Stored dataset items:
=== Begin Enclosure ===

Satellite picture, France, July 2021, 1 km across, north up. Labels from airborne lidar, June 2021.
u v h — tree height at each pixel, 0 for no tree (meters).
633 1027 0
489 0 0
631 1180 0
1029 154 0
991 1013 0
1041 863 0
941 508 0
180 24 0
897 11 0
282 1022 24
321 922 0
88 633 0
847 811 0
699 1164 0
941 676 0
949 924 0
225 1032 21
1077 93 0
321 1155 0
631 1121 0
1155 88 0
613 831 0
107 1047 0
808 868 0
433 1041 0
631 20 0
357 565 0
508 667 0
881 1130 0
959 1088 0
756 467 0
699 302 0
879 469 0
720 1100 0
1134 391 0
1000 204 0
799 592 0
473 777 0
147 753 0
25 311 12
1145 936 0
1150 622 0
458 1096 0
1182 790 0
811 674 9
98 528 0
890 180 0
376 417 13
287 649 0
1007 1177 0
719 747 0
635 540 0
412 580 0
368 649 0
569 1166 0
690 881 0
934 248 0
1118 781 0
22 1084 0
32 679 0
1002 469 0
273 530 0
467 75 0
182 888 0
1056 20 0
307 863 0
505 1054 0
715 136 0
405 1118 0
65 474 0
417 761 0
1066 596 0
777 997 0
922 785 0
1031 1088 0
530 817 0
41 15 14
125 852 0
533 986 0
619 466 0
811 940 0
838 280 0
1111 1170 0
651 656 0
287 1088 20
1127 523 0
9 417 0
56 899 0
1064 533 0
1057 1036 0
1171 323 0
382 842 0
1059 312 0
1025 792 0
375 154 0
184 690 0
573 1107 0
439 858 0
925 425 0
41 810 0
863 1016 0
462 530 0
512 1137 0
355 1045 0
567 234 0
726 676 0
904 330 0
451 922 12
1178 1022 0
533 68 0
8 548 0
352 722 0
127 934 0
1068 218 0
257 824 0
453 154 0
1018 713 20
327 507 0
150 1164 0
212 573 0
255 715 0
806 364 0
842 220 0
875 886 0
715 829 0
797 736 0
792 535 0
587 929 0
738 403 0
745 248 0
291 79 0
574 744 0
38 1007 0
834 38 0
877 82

=== End Enclosure ===

» **Aim of the task**: Would you mind giving all the records again exactly?

» **Reply**:
Satellite picture, France, July 2021, 1 km across, north up. Labels from airborne lidar, June 2021.
u v h — tree height at each pixel, 0 for no tree (meters).
633 1027 0
489 0 0
631 1180 0
1029 154 0
991 1013 0
1041 863 0
941 508 0
180 24 0
897 11 0
282 1022 24
321 922 0
88 633 0
847 811 0
699 1164 0
941 676 0
949 924 0
225 1032 21
1077 93 0
321 1155 0
631 1121 0
1155 88 0
613 831 0
107 1047 0
808 868 0
433 1041 0
631 20 0
357 565 0
508 667 0
881 1130 0
959 1088 0
756 467 0
699 302 0
879 469 0
720 1100 0
1134 391 0
1000 204 0
799 592 0
473 777 0
147 753 0
25 311 12
1145 936 0
1150 622 0
458 1096 0
1182 790 0
811 674 9
98 528 0
890 180 0
376 417 13
287 649 0
1007 1177 0
719 747 0
635 540 0
412 580 0
368 649 0
569 1166 0
690 881 0
934 248 0
1118 781 0
22 1084 0
32 679 0
1002 469 0
273 530 0
467 75 0
182 888 0
1056 20 0
307 863 0
505 1054 0
715 136 0
405 1118 0
65 474 0
417 761 0
1066 596 0
777 997 0
922 785 0
1031 1088 0
530 817 0
41 15 14
125 852 0
533 986 0
619 466 0
811 940 0
838 280 0
1111 1170 0
651 656 0
287 1088 20
1127 523 0
9 417 0
56 899 0
1064 533 0
1057 1036 0
1171 323 0
382 842 0
1059 312 0
1025 792 0
375 154 0
184 690 0
573 1107 0
439 858 0
925 425 0
41 810 0
863 1016 0
462 530 0
512 1137 0
355 1045 0
567 234 0
726 676 0
904 330 0
451 922 12
1178 1022 0
533 68 0
8 548 0
352 722 0
127 934 0
1068 218 0
257 824 0
453 154 0
1018 713 20
327 507 0
150 1164 0
212 573 0
255 715 0
806 364 0
842 220 0
875 886 0
715 829 0
797 736 0
792 535 0
587 929 0
738 403 0
745 248 0
291 79 0
574 744 0
38 1007 0
834 38 0
877 82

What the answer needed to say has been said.